Прежде всего он взял к себе оставшихся без дома детей: Феде было шесть лет, а Мише — двенадцать. В ту же ночь. Надо сказать, что все родственники отказались их брать, в том числе и дядя — крупный ученый. Мальчиков должны были отправить в детский дом. Василий Семенович взял их к себе — в тот момент, когда не было никаких гарантий и надежд на возвращение Ольги Михайловны из тюрьмы.
И на другой день ринулся в хлопоты по освобождению Ольги Михайловны — невероятно энергично, упорно и настойчиво. Ходил, ездил, писал. Боролся, как лев.
Ольга Михайловна рассказывала, что он даже ездил в какой-то город, чтобы встретиться с крупным деятелем. И тот долго уговаривал Василия Семеновича развестись с Ольгой Михайловной.
И спросил:
— Сколько ей лет?
Василий Семенович ответил:
— Двадцать девять.
Тогда он стал его убеждать, что она уже старая, а Василий Семенович может жениться на молодой.
— Но я ее люблю, — сказал Василий Семенович.
В результате его хлопот она просидела в тюрьме, кажется, не очень долго, хотя не знаю, как исчисляется время по этим часам.
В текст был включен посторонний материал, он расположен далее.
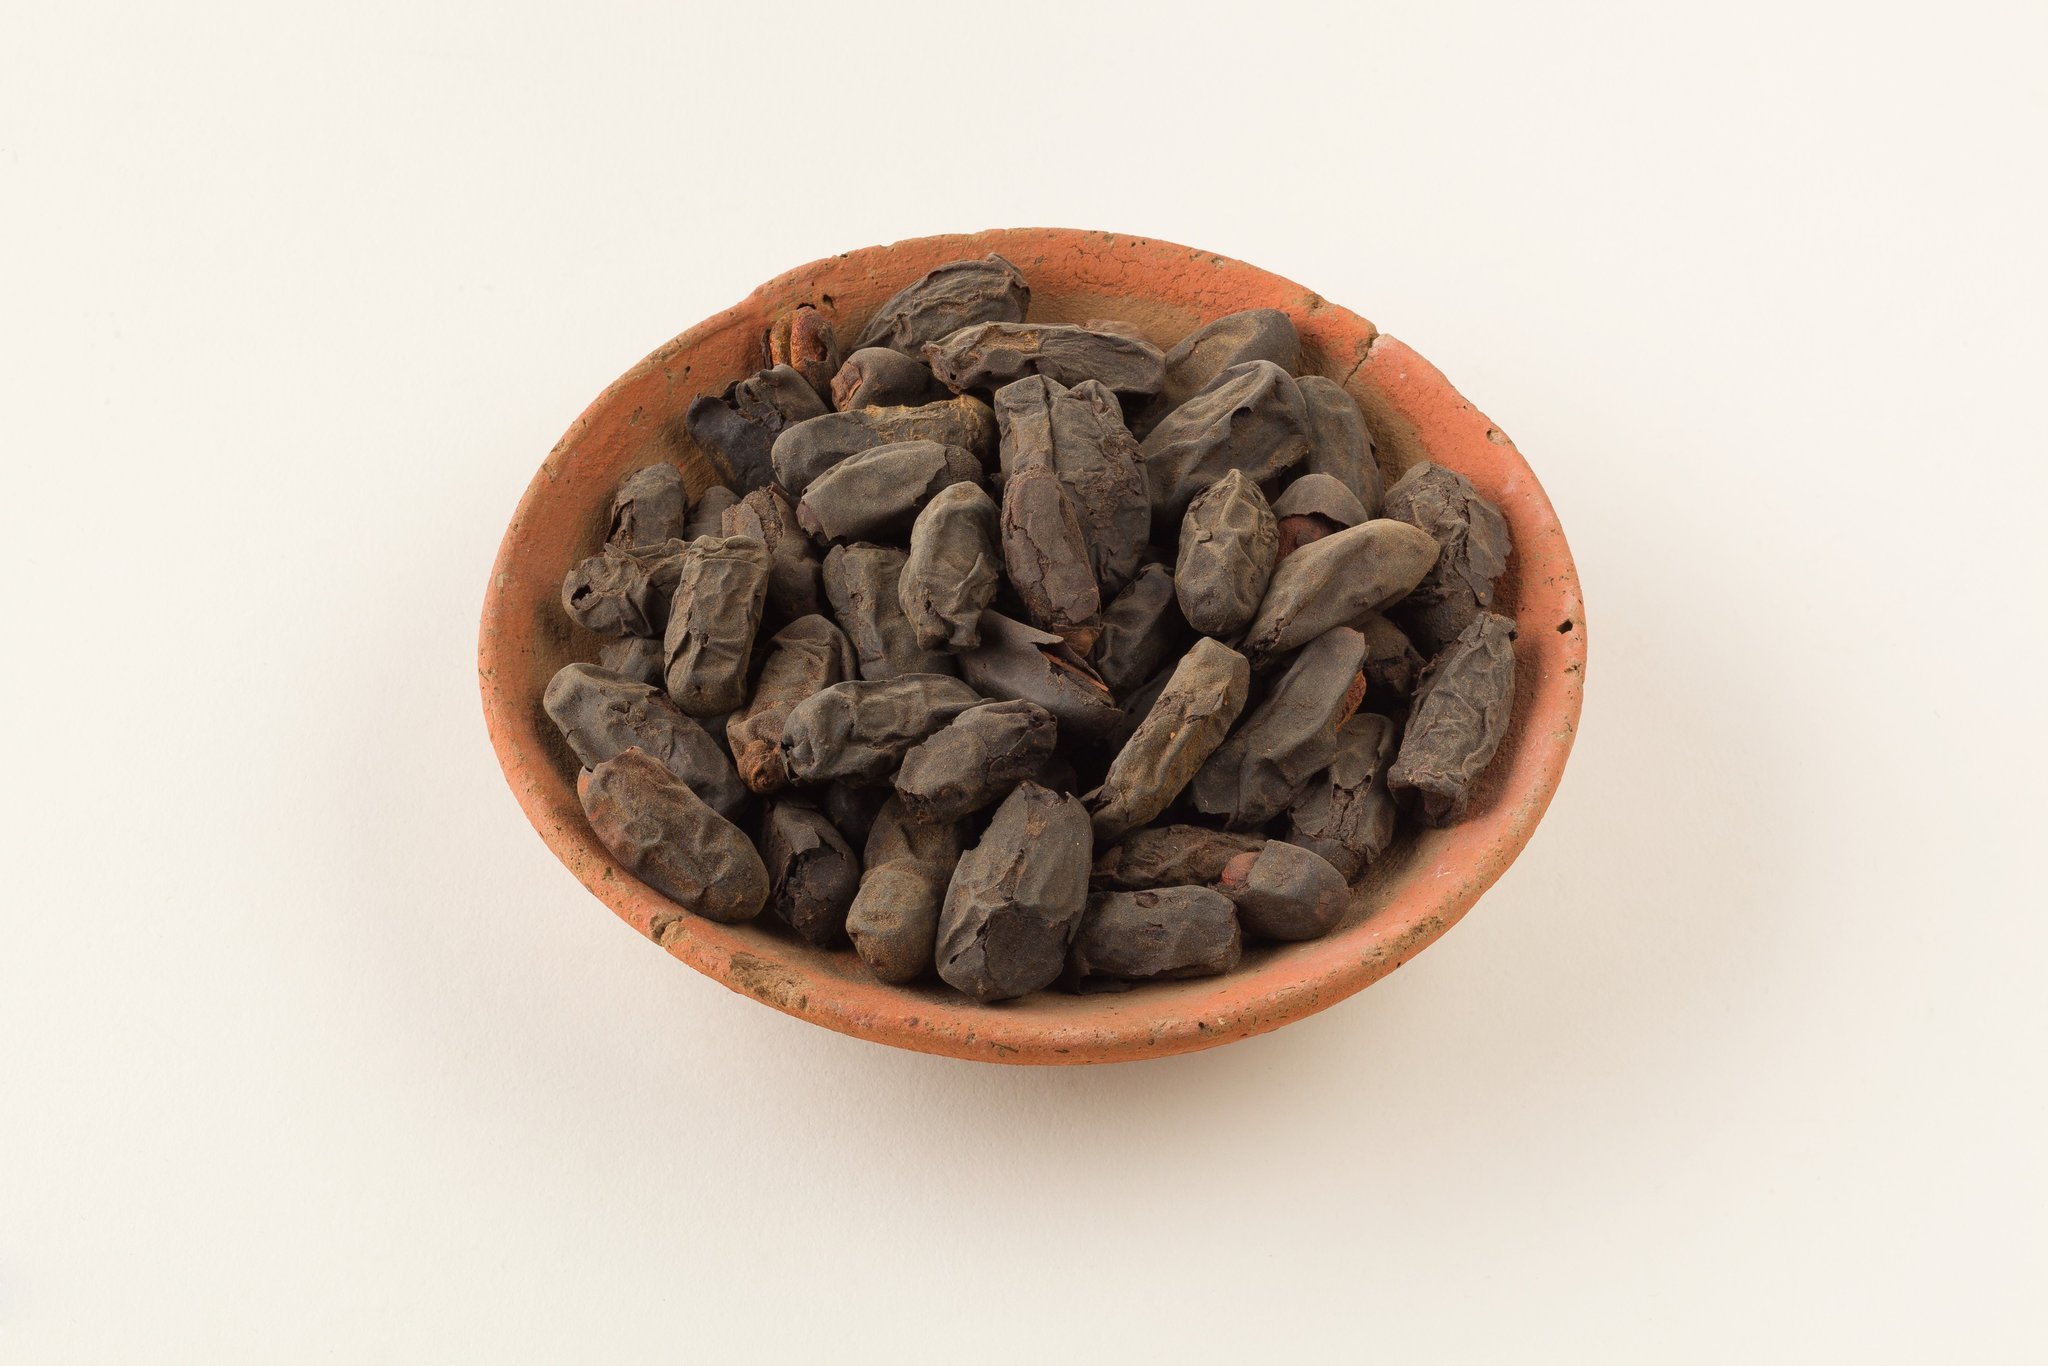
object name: dish, date
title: Dish
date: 1492-1473 BCE
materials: pottery
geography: egypt

Когда Ольга Михайловна вернулась из тюрьмы домой и вошла в квартиру, первое, что она увидела, — два детских пальто на вешалке в прихожей.
Да, он вступал в литературу в самое, может быть, трудное время, в четко и, по-своему, законченно распланированный сталинский мир: 1934-й, 1935 год. И год 1937-й. Так до войны.
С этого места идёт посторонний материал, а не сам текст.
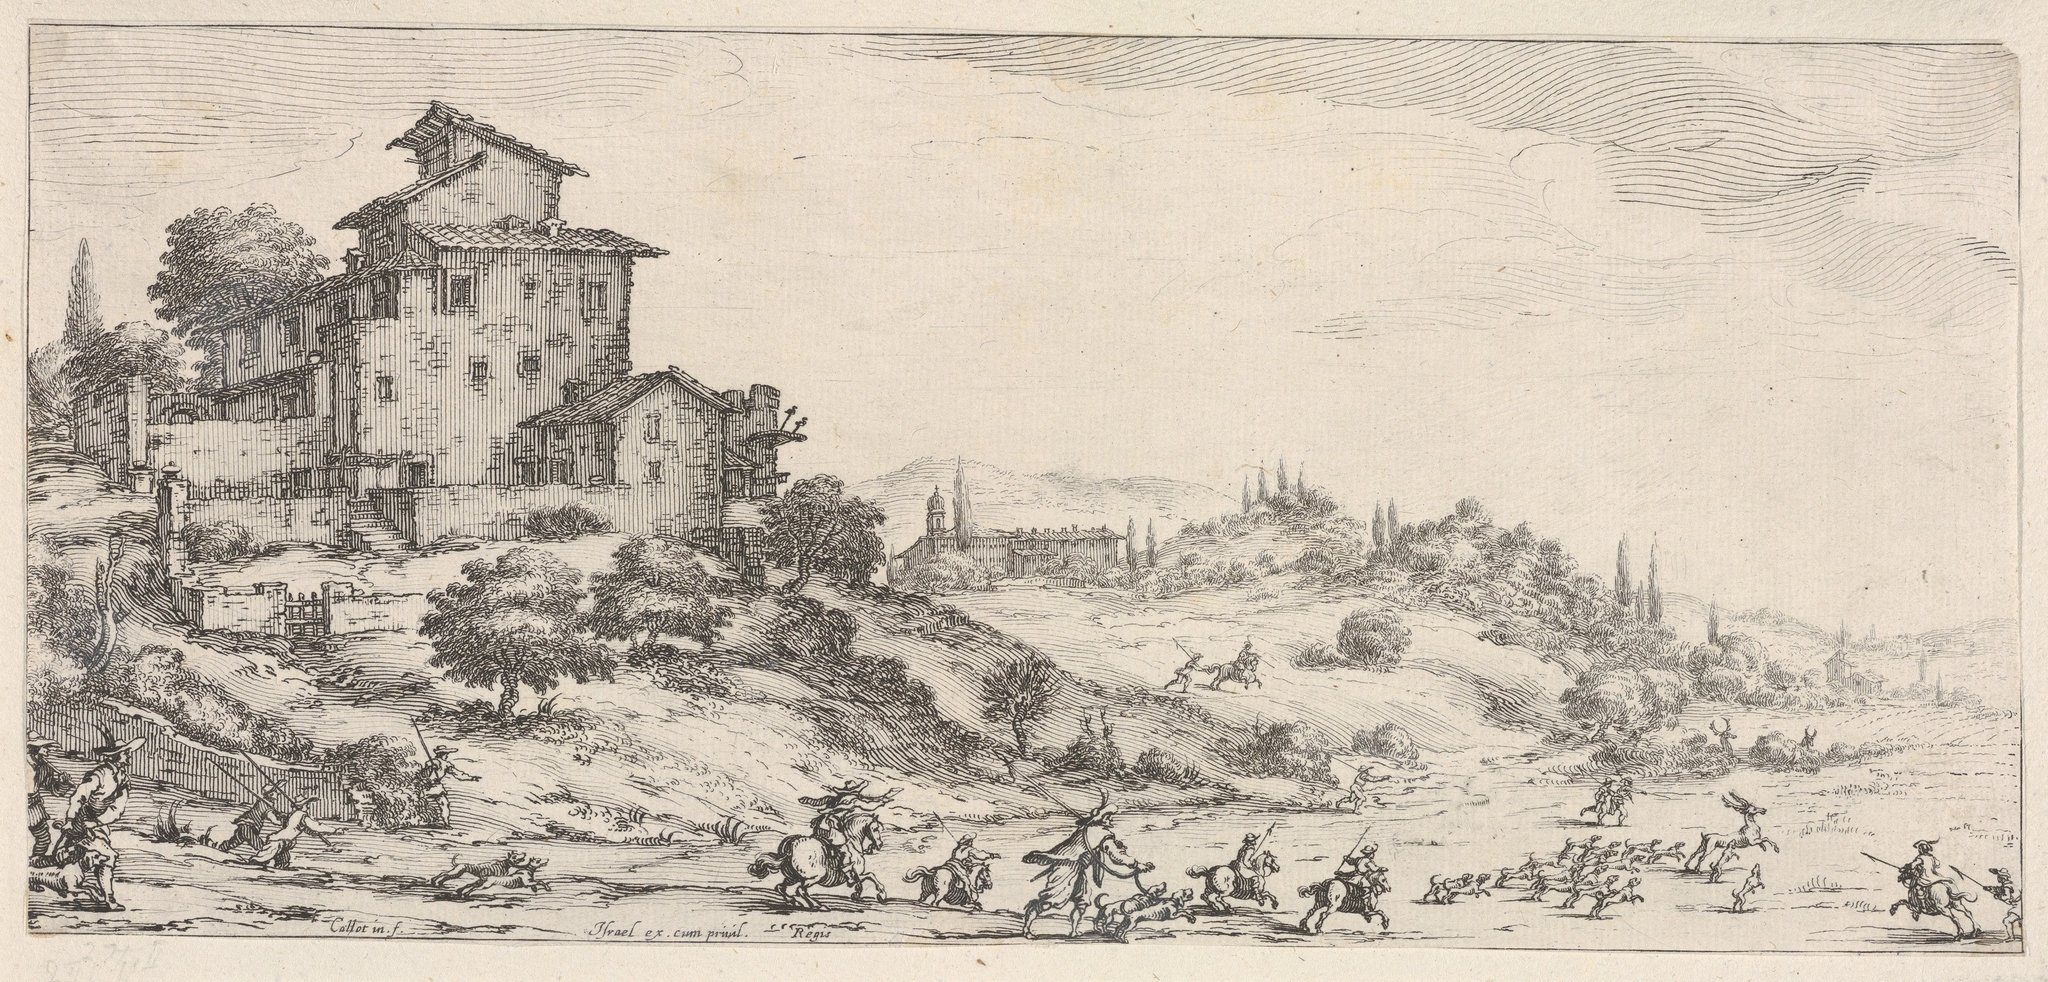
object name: print
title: Hunters on horses and on foot, with hounds pursuing a stag, and two buildings in a hilly landscape, from "Italian landscapes" (Diverse vedute designate in Fiorenza / Paysages italiens)
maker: jacques callot
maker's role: artist
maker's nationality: french
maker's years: 1592-1635
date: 1618-1635
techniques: etching
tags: buildings,men,hunting,horses,landscapes

Но я сейчас не о том. Я просто хочу напомнить, как прозвучал тогда, в те годы его голос в первых произведениях — с такой богатой пластикой изображения жизни, ее оттенков, с таким гуманизмом, нравственным вкусом и чутьем. И с таким точным определением правды, честности и добра.
В одном из сборников я обнаружила рассказ «Молебен». Под ним дата — 1930 год. Маленький, двухстраничный рассказ, который сам он не считал началом пути. О чем он? О солдатах. О звуках трубы, что прозвучали над спящей деревней. О том, как «батальон вздрогнул, всколыхнулся, пришел в движение и медленно пополз на размытую глинистую дорогу».
И дальше: «Солдаты переговаривались между собой отрывисто, не глядя друг на друга. Под тяжелыми, как земля, тучами, по грязным лужам дороги в предрассветном тумане ползла колонна людей в серых солдатских шинелях. Трудно было отличить, где небо и где земля и колышутся ли над дорогой клочья тумана или движутся солдаты. Шли, тяжело ударяя расползавшуюся под ногами землю. Каждый думал свою отдельную думу, но каждая из этой тысячи солдатских дум была похожа на другую. У всех болели ноги в сырых портянках, все дышали холодным мутным воздухом, у всех был где-то дом и родные, близкие люди. Каждый боялся быть убитым в боях под Перемышлем».